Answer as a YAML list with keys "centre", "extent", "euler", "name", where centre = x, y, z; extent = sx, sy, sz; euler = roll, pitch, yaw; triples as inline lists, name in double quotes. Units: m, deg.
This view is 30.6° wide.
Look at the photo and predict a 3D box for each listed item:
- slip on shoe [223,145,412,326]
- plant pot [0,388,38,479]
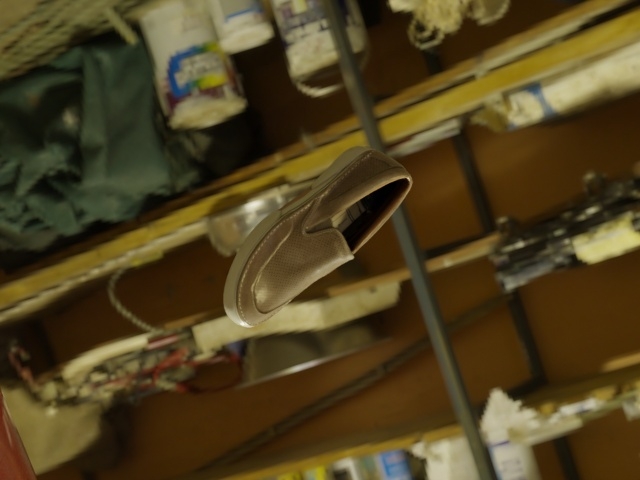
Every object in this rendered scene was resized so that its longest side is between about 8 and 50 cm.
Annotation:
- centre: [0.000, 0.000, 0.681]
  extent: [0.135, 0.051, 0.041]
  euler: [-44, -135, -20]
  name: "slip on shoe"
- centre: [-0.308, 0.239, 0.869]
  extent: [0.272, 0.265, 0.272]
  euler: [-5, -153, 3]
  name: "plant pot"
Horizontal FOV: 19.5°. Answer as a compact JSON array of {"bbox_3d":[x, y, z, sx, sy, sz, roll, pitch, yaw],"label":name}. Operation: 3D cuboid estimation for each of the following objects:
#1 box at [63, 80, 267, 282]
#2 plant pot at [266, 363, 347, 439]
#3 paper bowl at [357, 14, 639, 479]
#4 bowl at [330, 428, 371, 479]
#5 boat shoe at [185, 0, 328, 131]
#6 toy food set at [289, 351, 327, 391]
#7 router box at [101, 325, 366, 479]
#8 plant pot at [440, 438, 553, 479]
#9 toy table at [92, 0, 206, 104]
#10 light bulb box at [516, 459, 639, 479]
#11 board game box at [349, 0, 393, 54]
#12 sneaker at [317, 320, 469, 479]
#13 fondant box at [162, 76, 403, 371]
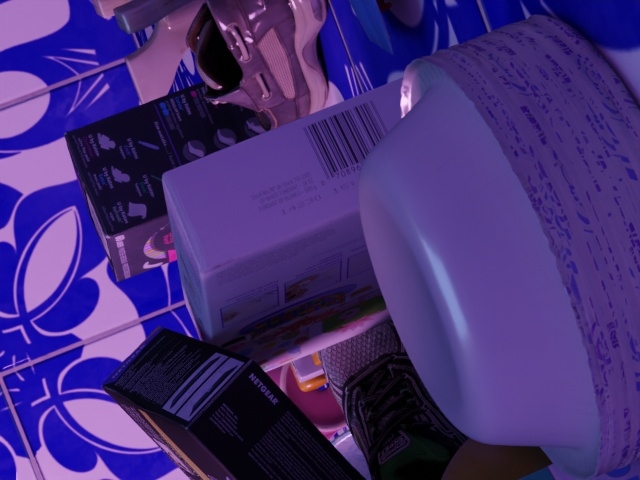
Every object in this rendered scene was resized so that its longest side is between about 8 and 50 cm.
[{"bbox_3d":[-0.140,-0.082,2.149,0.165,0.270,0.143,93,154,-71],"label":"box"},{"bbox_3d":[-0.029,0.189,2.479,0.180,0.201,0.201,-8,104,66],"label":"plant pot"},{"bbox_3d":[0.123,0.014,1.164,0.284,0.148,0.284,159,90,-81],"label":"paper bowl"},{"bbox_3d":[0.114,0.323,1.845,0.156,0.289,0.289,11,-136,-47],"label":"bowl"},{"bbox_3d":[-0.074,-0.207,1.905,0.355,0.130,0.132,89,158,-67],"label":"boat shoe"},{"bbox_3d":[0.006,0.103,2.241,0.232,0.111,0.104,95,152,-78],"label":"toy food set"},{"bbox_3d":[-0.028,0.217,1.585,0.309,0.081,0.243,49,166,-19],"label":"router box"},{"bbox_3d":[0.171,0.225,1.511,0.095,0.134,0.134,19,134,48],"label":"plant pot"},{"bbox_3d":[-0.188,-0.305,2.290,0.274,0.161,0.252,-173,61,-79],"label":"toy table"},{"bbox_3d":[0.205,0.402,1.345,0.361,0.225,0.358,77,168,-51],"label":"light bulb box"},{"bbox_3d":[0.037,-0.222,1.508,0.168,0.033,0.133,-124,9,-75],"label":"board game box"},{"bbox_3d":[0.094,0.173,1.688,0.146,0.134,0.343,33,-163,-53],"label":"sneaker"},{"bbox_3d":[0.000,0.000,1.583,0.330,0.238,0.096,90,156,-68],"label":"fondant box"}]
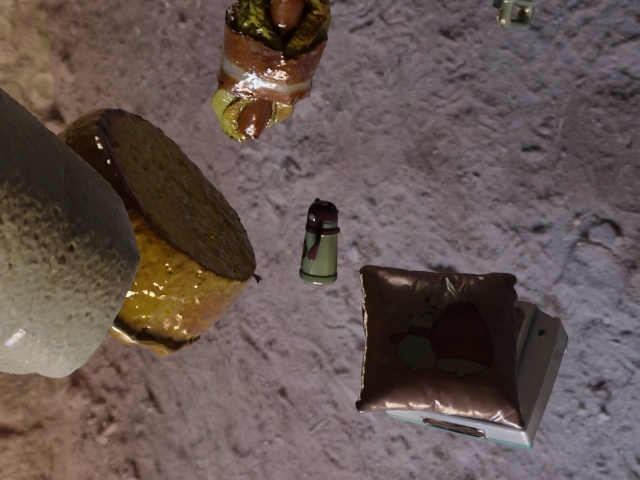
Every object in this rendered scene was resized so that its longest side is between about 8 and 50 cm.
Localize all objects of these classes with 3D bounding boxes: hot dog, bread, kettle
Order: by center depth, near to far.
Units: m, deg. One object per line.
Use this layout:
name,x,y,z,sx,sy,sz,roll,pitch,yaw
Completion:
bread,-0.191,-0.007,0.469,0.148,0.141,0.134,19,74,28
hot dog,-0.057,-0.215,1.008,0.093,0.123,0.262,-102,23,-51
kettle,0.291,-0.380,1.239,0.098,0.148,0.127,-19,87,31
bread,-0.285,-0.018,1.277,0.215,0.398,0.398,-38,57,14

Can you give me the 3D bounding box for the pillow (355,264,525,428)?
pillow,0.163,0.140,1.175,0.084,0.236,0.223,93,-177,-63

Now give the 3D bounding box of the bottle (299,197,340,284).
bottle,-0.001,-0.001,1.030,0.063,0.047,0.101,-138,49,-64

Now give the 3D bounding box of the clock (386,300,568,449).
clock,0.257,0.207,1.449,0.262,0.231,0.116,6,140,33
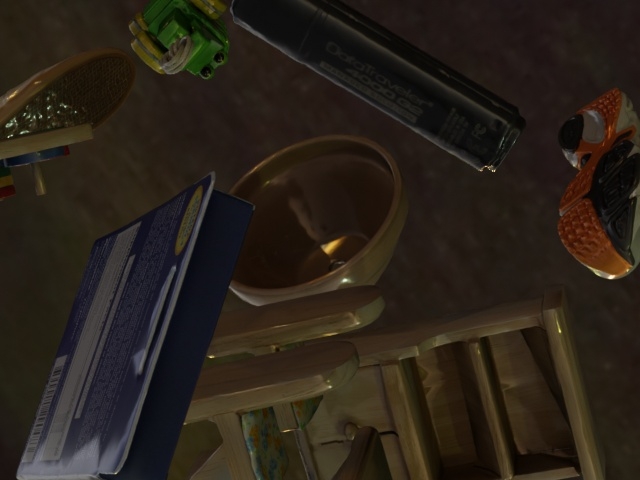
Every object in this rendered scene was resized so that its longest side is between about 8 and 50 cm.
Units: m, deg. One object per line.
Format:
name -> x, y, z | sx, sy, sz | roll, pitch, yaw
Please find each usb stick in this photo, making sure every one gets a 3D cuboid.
usb stick -> 0.047, -0.152, 1.441 | 0.278, 0.045, 0.077 | 32, 137, 2

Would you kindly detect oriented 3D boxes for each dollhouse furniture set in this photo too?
dollhouse furniture set -> 0.081, 0.201, 1.322 | 0.394, 0.256, 0.362 | -61, -43, -70

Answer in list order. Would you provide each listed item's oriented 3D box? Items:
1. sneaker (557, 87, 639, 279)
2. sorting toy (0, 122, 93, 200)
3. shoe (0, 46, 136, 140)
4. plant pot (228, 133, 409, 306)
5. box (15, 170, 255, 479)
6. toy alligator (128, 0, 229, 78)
sneaker -> 0.292, -0.037, 1.546 | 0.121, 0.099, 0.262 | 42, -149, -19
sorting toy -> -0.259, -0.044, 1.216 | 0.132, 0.274, 0.046 | -7, 98, 40
shoe -> -0.267, -0.113, 1.505 | 0.058, 0.219, 0.076 | 42, 161, 45
plant pot -> 0.000, 0.000, 1.904 | 0.237, 0.237, 0.110 | 40, 167, 46
box -> -0.087, 0.051, 0.781 | 0.036, 0.136, 0.225 | 21, 166, -15
toy alligator -> -0.075, -0.118, 0.982 | 0.051, 0.056, 0.190 | 40, -169, -22
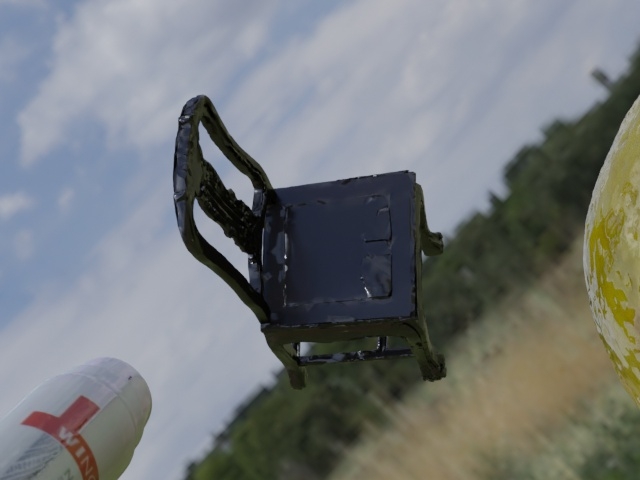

+---+

§ Work instruction:
Give back the entries verbatim. Do not include any picture.

§ Solution to the problem:
Answer as a YAML list with keys "centre", "extent", "euler", "name", where centre = x, y, z; extent = sx, sy, sz; euler = roll, pitch, yaw; triples as inline lists, name in double quotes. Units: m, deg.
This view is 30.6° wide.
Look at the photo and predict a 3D box for each listed item:
- slip on shoe [223,145,412,326]
- plant pot [0,388,38,479]
Every object in this rendered scene was resized so that its longest side is between about 8 and 50 cm.
Annotation:
- centre: [0.000, 0.000, 0.681]
  extent: [0.135, 0.051, 0.041]
  euler: [-44, -135, -20]
  name: "slip on shoe"
- centre: [-0.308, 0.239, 0.869]
  extent: [0.272, 0.265, 0.272]
  euler: [-5, -153, 3]
  name: "plant pot"
Horizontal FOV: 19.5°. Answer as a compact JSON array of {"bbox_3d":[x, y, z, sx, sy, sz, roll, pitch, yaw],"label":name}. Operation: 3D cuboid estimation for each of the following objects:
#1 box at [63, 80, 267, 282]
#2 plant pot at [266, 363, 347, 439]
#3 paper bowl at [357, 14, 639, 479]
#4 bowl at [330, 428, 371, 479]
#5 boat shoe at [185, 0, 328, 131]
#6 toy food set at [289, 351, 327, 391]
#7 router box at [101, 325, 366, 479]
#8 plant pot at [440, 438, 553, 479]
#9 toy table at [92, 0, 206, 104]
#10 light bulb box at [516, 459, 639, 479]
#11 board game box at [349, 0, 393, 54]
#12 sneaker at [317, 320, 469, 479]
#13 fondant box at [162, 76, 403, 371]
Every object in this rendered scene was resized so that its longest side is between about 8 and 50 cm.
[{"bbox_3d":[-0.140,-0.082,2.149,0.165,0.270,0.143,93,154,-71],"label":"box"},{"bbox_3d":[-0.029,0.189,2.479,0.180,0.201,0.201,-8,104,66],"label":"plant pot"},{"bbox_3d":[0.123,0.014,1.164,0.284,0.148,0.284,159,90,-81],"label":"paper bowl"},{"bbox_3d":[0.114,0.323,1.845,0.156,0.289,0.289,11,-136,-47],"label":"bowl"},{"bbox_3d":[-0.074,-0.207,1.905,0.355,0.130,0.132,89,158,-67],"label":"boat shoe"},{"bbox_3d":[0.006,0.103,2.241,0.232,0.111,0.104,95,152,-78],"label":"toy food set"},{"bbox_3d":[-0.028,0.217,1.585,0.309,0.081,0.243,49,166,-19],"label":"router box"},{"bbox_3d":[0.171,0.225,1.511,0.095,0.134,0.134,19,134,48],"label":"plant pot"},{"bbox_3d":[-0.188,-0.305,2.290,0.274,0.161,0.252,-173,61,-79],"label":"toy table"},{"bbox_3d":[0.205,0.402,1.345,0.361,0.225,0.358,77,168,-51],"label":"light bulb box"},{"bbox_3d":[0.037,-0.222,1.508,0.168,0.033,0.133,-124,9,-75],"label":"board game box"},{"bbox_3d":[0.094,0.173,1.688,0.146,0.134,0.343,33,-163,-53],"label":"sneaker"},{"bbox_3d":[0.000,0.000,1.583,0.330,0.238,0.096,90,156,-68],"label":"fondant box"}]
Every object in this rendered scene was resized so that its longest side is between about 8 and 50 cm.
Localize all objects of these classes with 3D bounding boxes: hot dog, bread, kettle
Order: by center depth, near to far.
Units: m, deg. One object per line.
Use this layout:
name,x,y,z,sx,sy,sz,roll,pitch,yaw
Completion:
bread,-0.191,-0.007,0.469,0.148,0.141,0.134,19,74,28
hot dog,-0.057,-0.215,1.008,0.093,0.123,0.262,-102,23,-51
kettle,0.291,-0.380,1.239,0.098,0.148,0.127,-19,87,31
bread,-0.285,-0.018,1.277,0.215,0.398,0.398,-38,57,14

Can you give me the 3D bounding box for the pillow (355,264,525,428)?
pillow,0.163,0.140,1.175,0.084,0.236,0.223,93,-177,-63

Now give the 3D bounding box of the bottle (299,197,340,284).
bottle,-0.001,-0.001,1.030,0.063,0.047,0.101,-138,49,-64

Now give the 3D bounding box of the clock (386,300,568,449).
clock,0.257,0.207,1.449,0.262,0.231,0.116,6,140,33
Every object in this rendered scene was resized so that its longest side is between about 8 and 50 cm.
Units: m, deg. One object per line.
Format:
name -> x, y, z | sx, sy, sz | roll, pitch, yaw
Please find each usb stick in this photo, making sure every one gets a 3D cuboid.
usb stick -> 0.047, -0.152, 1.441 | 0.278, 0.045, 0.077 | 32, 137, 2

Would you kindly detect oriented 3D boxes for each dollhouse furniture set in this photo too?
dollhouse furniture set -> 0.081, 0.201, 1.322 | 0.394, 0.256, 0.362 | -61, -43, -70

Answer in list order. Would you provide each listed item's oriented 3D box? Items:
1. sneaker (557, 87, 639, 279)
2. sorting toy (0, 122, 93, 200)
3. shoe (0, 46, 136, 140)
4. plant pot (228, 133, 409, 306)
5. box (15, 170, 255, 479)
6. toy alligator (128, 0, 229, 78)
sneaker -> 0.292, -0.037, 1.546 | 0.121, 0.099, 0.262 | 42, -149, -19
sorting toy -> -0.259, -0.044, 1.216 | 0.132, 0.274, 0.046 | -7, 98, 40
shoe -> -0.267, -0.113, 1.505 | 0.058, 0.219, 0.076 | 42, 161, 45
plant pot -> 0.000, 0.000, 1.904 | 0.237, 0.237, 0.110 | 40, 167, 46
box -> -0.087, 0.051, 0.781 | 0.036, 0.136, 0.225 | 21, 166, -15
toy alligator -> -0.075, -0.118, 0.982 | 0.051, 0.056, 0.190 | 40, -169, -22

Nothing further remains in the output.